What lines in the data below mention the string "like"? Copy them out.

→ **Items listed in a dataset**
※
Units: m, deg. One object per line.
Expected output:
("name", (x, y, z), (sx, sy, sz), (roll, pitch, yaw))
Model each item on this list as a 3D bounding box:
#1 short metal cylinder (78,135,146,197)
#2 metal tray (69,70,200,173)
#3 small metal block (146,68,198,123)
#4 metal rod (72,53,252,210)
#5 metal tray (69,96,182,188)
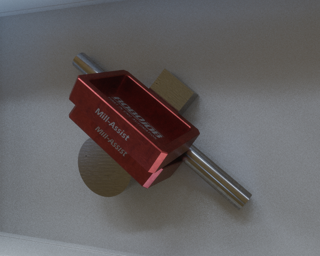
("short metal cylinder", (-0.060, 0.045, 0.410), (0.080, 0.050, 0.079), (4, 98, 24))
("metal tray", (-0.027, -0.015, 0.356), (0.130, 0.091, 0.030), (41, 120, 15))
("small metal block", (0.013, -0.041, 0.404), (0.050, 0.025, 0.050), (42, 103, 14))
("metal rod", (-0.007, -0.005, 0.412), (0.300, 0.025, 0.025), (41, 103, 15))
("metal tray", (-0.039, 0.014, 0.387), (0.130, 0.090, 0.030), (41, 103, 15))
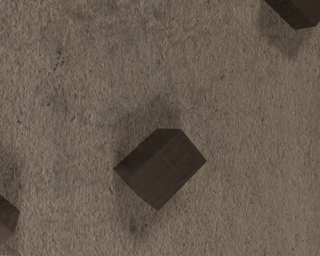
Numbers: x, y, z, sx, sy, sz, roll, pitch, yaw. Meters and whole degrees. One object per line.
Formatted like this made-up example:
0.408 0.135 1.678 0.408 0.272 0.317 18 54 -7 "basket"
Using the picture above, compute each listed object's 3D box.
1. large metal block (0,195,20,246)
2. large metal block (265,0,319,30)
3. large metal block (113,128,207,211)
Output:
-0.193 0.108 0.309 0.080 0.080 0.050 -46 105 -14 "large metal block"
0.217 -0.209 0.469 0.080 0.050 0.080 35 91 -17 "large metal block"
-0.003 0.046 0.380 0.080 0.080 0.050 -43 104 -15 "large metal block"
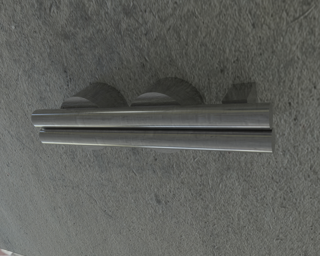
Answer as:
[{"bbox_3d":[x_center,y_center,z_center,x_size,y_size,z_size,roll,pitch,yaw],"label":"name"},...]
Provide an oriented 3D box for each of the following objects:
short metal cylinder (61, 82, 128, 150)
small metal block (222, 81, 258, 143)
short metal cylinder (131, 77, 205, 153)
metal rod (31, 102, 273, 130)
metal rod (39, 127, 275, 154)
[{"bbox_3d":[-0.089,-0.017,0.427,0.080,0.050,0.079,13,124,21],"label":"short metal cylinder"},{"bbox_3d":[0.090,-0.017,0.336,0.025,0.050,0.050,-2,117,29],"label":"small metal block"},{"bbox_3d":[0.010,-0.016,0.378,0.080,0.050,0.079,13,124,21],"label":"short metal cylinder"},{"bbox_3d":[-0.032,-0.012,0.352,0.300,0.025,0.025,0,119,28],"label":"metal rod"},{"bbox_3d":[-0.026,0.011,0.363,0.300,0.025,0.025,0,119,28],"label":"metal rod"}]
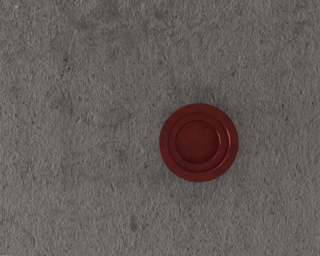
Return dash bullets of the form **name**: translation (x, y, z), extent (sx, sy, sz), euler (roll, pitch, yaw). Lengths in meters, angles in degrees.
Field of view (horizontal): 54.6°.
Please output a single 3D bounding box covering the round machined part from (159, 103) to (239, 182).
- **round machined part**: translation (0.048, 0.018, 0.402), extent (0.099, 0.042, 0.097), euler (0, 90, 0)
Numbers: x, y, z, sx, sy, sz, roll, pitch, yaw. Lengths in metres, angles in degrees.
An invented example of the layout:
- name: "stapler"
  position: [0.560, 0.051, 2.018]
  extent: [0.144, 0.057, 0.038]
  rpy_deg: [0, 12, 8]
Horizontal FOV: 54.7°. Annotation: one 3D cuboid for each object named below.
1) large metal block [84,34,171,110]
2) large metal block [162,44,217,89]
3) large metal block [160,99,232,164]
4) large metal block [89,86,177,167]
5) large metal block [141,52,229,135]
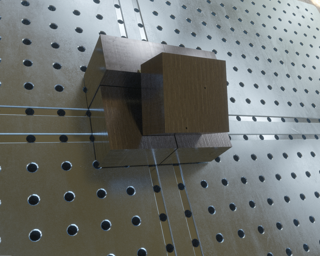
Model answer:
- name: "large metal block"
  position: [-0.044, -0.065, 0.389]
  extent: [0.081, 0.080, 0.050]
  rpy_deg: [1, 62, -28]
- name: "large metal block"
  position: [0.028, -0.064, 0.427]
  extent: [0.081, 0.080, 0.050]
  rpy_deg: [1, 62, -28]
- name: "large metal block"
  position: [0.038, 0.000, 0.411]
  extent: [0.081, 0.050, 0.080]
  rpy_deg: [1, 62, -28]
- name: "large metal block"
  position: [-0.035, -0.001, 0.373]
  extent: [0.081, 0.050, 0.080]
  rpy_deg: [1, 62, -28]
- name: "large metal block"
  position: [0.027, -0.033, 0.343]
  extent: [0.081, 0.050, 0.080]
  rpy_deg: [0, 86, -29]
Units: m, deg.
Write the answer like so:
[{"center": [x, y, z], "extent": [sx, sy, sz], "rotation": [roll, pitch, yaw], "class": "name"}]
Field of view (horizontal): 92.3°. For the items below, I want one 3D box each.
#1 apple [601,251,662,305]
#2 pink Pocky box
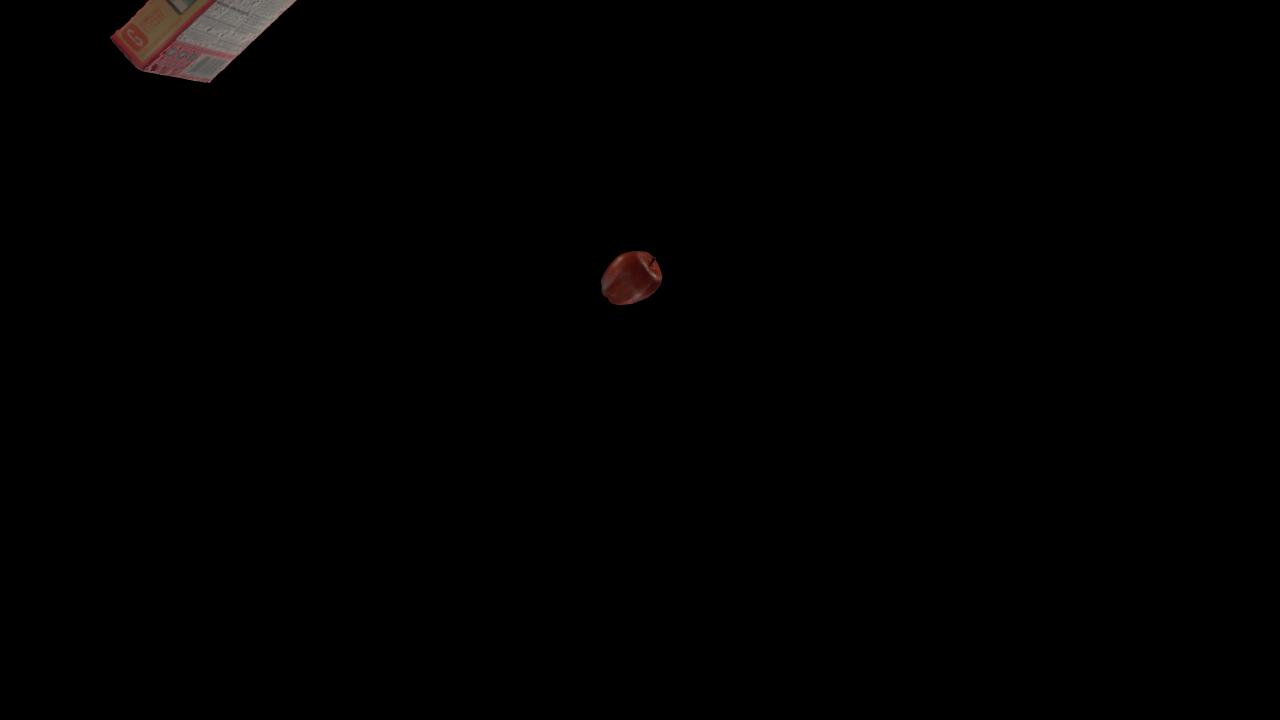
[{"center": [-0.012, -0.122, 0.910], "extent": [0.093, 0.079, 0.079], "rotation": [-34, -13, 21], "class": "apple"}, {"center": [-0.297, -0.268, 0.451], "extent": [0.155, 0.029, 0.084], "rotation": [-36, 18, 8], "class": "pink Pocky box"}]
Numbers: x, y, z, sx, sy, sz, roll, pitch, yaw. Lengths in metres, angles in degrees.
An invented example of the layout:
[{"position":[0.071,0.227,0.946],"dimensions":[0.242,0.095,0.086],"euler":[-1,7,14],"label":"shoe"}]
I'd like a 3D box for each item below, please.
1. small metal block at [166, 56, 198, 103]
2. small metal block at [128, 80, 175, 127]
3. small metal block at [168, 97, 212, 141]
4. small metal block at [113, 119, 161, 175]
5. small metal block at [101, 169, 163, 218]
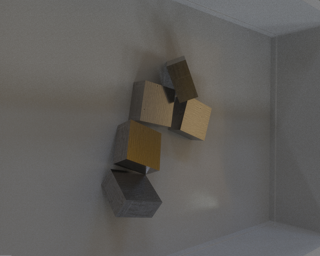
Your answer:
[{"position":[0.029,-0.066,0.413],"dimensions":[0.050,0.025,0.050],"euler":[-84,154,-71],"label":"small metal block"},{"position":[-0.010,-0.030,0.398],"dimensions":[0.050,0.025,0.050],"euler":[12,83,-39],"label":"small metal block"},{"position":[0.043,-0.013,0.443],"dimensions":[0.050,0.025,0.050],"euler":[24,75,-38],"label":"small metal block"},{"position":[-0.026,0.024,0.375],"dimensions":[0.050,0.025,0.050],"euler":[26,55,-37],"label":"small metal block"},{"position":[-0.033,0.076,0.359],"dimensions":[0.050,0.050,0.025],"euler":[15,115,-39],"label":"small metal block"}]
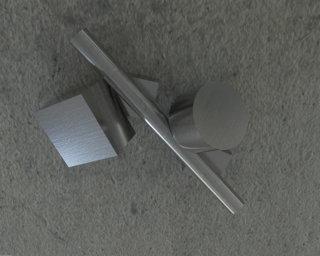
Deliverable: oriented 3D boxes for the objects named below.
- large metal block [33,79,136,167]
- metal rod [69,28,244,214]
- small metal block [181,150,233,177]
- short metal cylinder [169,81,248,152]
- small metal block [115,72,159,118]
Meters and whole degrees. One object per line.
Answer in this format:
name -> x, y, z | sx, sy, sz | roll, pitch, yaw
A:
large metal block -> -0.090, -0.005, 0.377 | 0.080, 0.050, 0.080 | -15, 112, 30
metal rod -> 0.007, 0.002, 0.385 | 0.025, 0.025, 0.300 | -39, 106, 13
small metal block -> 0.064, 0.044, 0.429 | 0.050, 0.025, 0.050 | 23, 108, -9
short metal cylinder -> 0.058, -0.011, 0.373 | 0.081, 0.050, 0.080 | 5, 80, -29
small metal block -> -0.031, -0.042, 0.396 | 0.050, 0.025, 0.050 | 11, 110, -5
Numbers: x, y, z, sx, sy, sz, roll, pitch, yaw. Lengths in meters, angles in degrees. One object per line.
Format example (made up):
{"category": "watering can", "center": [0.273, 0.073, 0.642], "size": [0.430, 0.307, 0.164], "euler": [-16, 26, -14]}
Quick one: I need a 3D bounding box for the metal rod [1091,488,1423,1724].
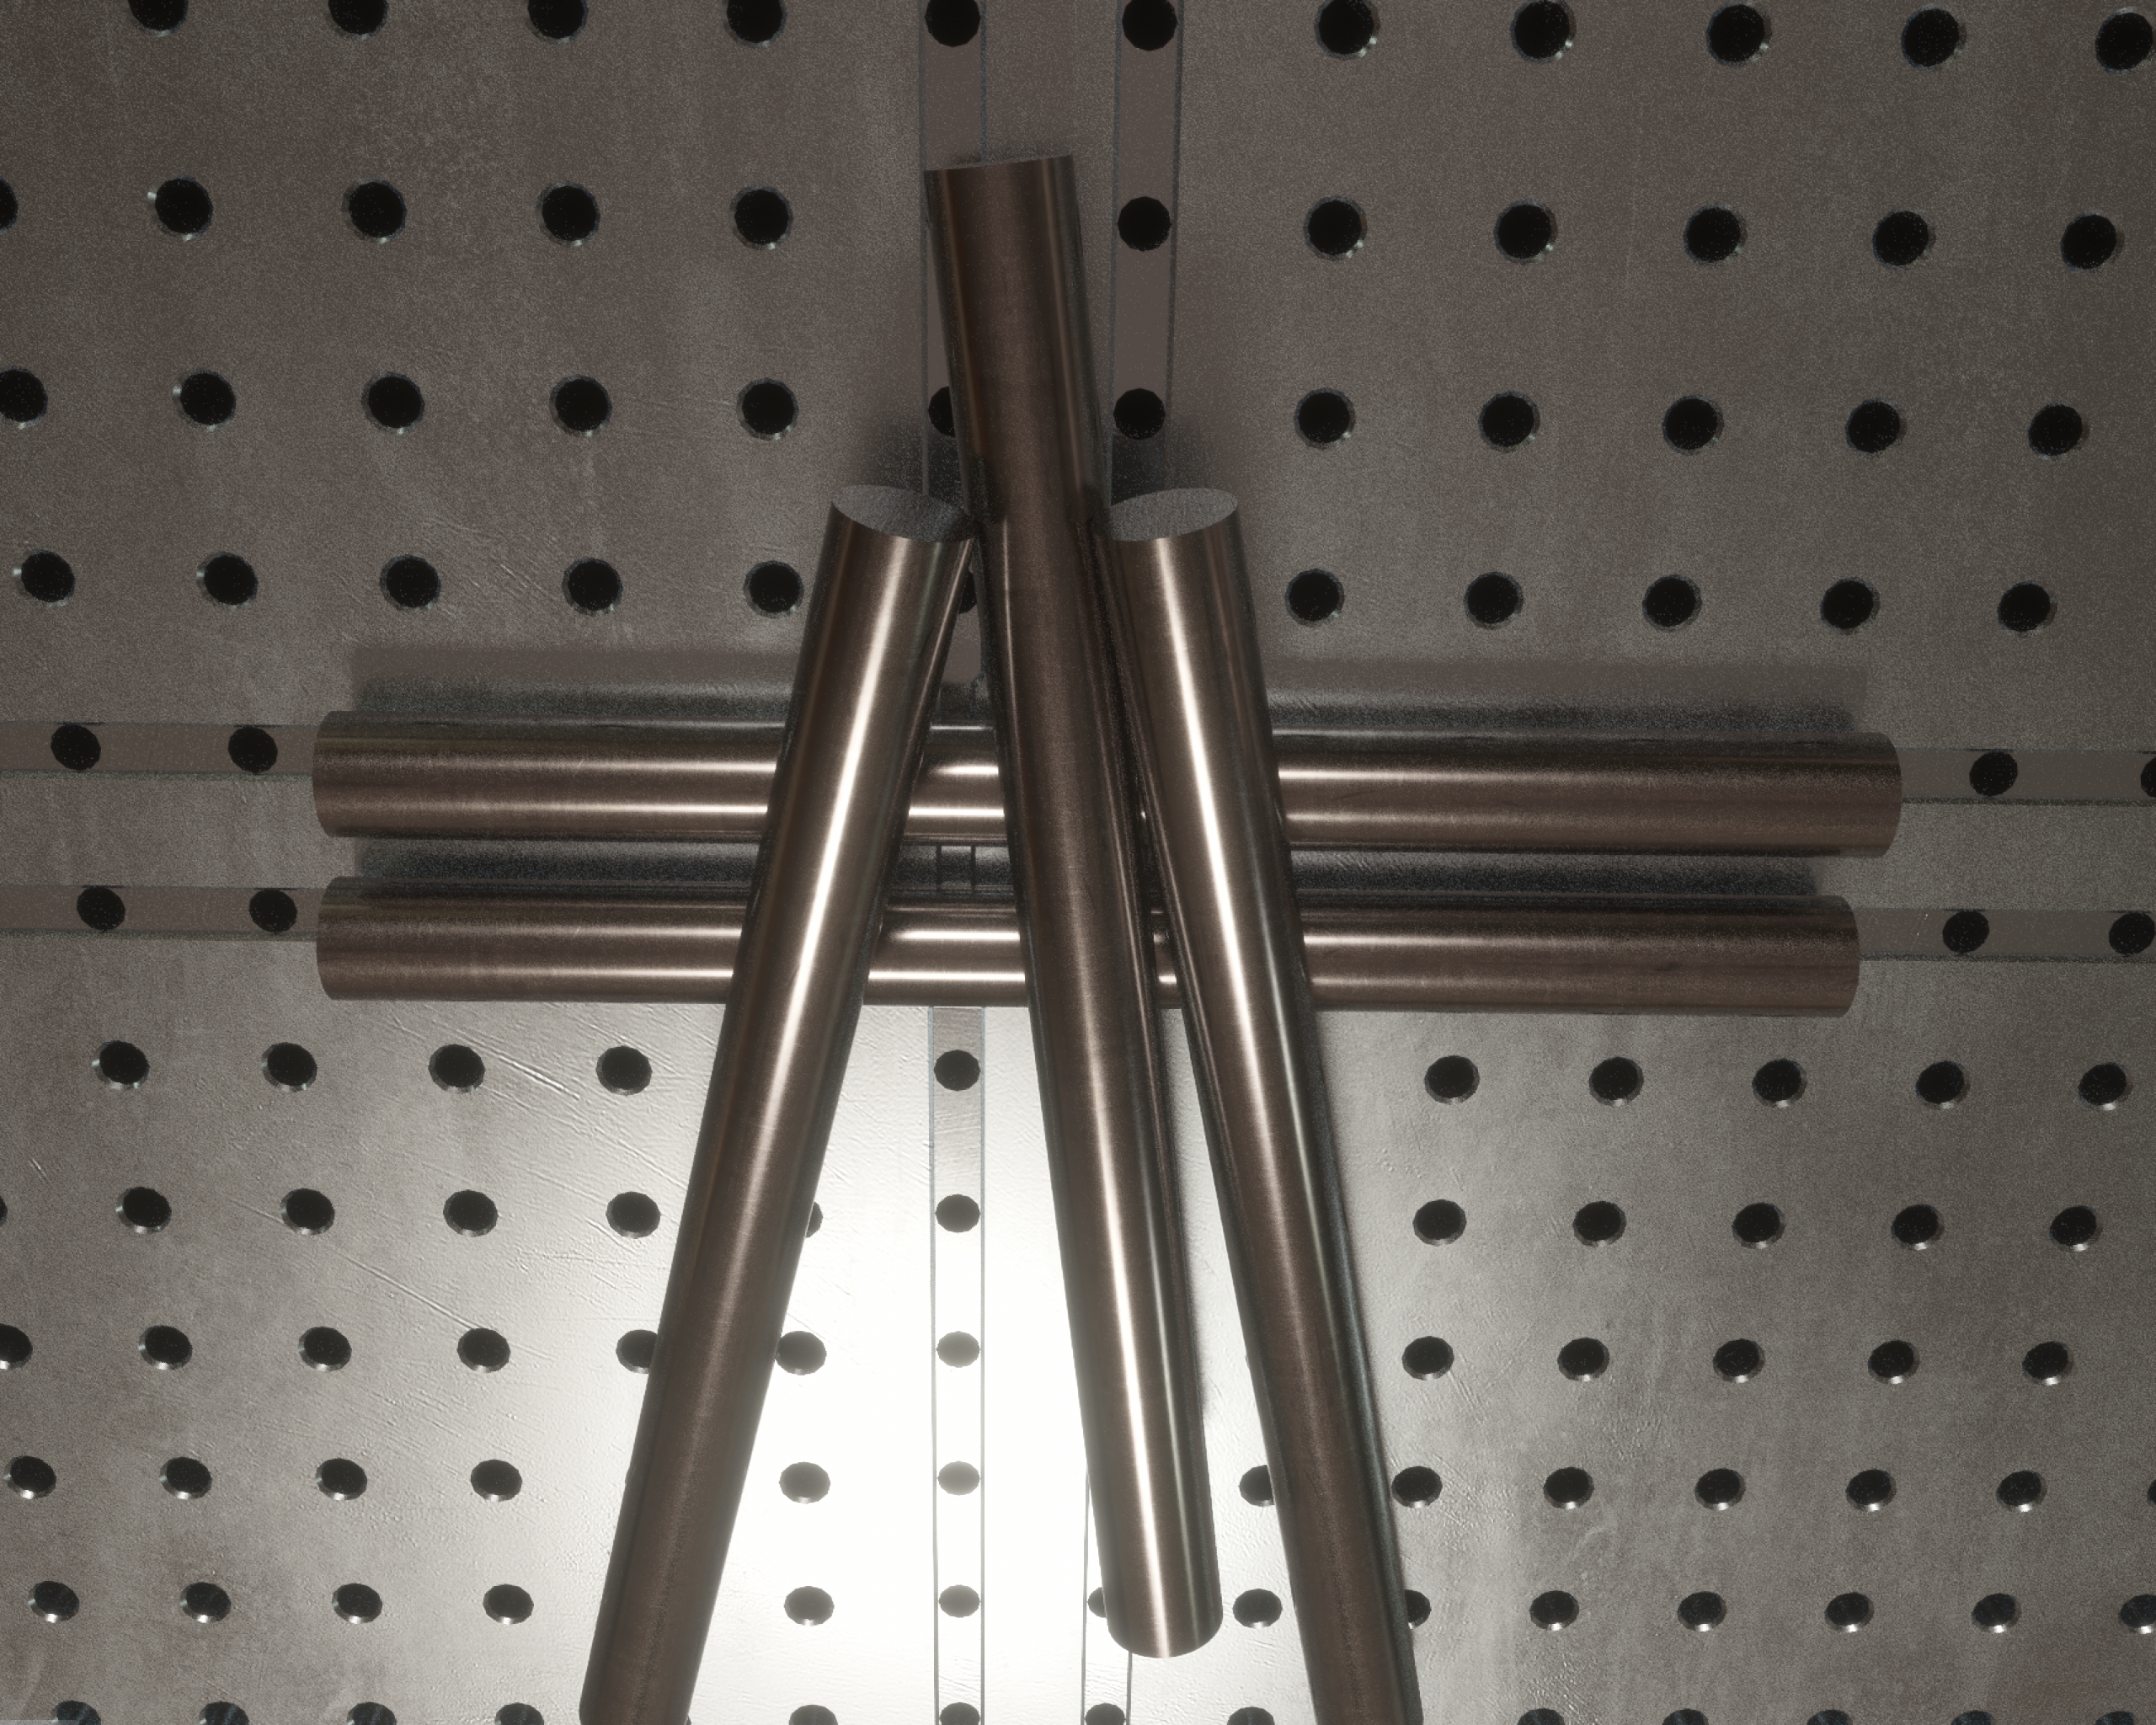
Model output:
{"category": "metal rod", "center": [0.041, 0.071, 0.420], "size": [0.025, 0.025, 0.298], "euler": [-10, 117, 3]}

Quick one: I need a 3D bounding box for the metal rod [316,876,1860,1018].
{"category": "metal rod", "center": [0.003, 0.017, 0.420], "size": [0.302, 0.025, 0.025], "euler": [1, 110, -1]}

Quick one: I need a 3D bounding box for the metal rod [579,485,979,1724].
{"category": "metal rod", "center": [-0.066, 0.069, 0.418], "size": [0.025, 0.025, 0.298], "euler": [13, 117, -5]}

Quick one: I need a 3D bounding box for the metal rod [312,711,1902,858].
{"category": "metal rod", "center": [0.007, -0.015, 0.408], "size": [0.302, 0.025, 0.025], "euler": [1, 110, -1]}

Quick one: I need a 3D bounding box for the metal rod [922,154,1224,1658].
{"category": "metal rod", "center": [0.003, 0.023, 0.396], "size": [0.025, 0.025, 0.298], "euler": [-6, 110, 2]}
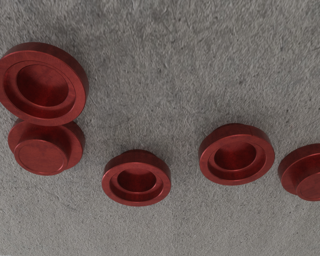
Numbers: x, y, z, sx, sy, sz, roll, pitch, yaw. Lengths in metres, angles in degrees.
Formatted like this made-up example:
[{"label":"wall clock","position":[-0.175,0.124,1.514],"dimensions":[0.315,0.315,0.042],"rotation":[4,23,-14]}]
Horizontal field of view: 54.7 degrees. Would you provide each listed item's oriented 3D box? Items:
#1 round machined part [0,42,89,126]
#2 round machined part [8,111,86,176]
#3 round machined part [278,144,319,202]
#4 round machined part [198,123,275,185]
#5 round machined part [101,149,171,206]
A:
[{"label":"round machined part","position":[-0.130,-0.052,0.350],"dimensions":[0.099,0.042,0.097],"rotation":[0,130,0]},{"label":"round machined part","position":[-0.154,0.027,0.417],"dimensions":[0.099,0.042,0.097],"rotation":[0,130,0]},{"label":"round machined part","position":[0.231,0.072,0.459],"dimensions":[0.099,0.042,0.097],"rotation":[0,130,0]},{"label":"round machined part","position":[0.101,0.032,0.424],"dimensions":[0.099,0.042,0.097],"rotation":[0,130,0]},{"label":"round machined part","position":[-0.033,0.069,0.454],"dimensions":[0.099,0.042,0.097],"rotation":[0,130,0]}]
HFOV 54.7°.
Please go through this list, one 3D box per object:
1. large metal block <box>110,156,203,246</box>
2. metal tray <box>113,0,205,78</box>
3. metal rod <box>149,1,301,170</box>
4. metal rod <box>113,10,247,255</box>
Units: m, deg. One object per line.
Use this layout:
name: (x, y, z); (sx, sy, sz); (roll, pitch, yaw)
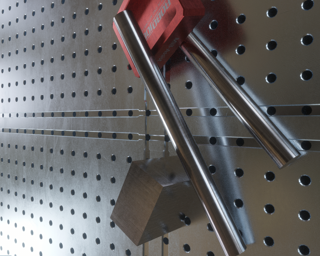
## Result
※
→ **Completed task**
Formatted like this made-up example:
Write the answer like so:
I'd like a 3D box for each item below, please.
Formatted like this made-up example:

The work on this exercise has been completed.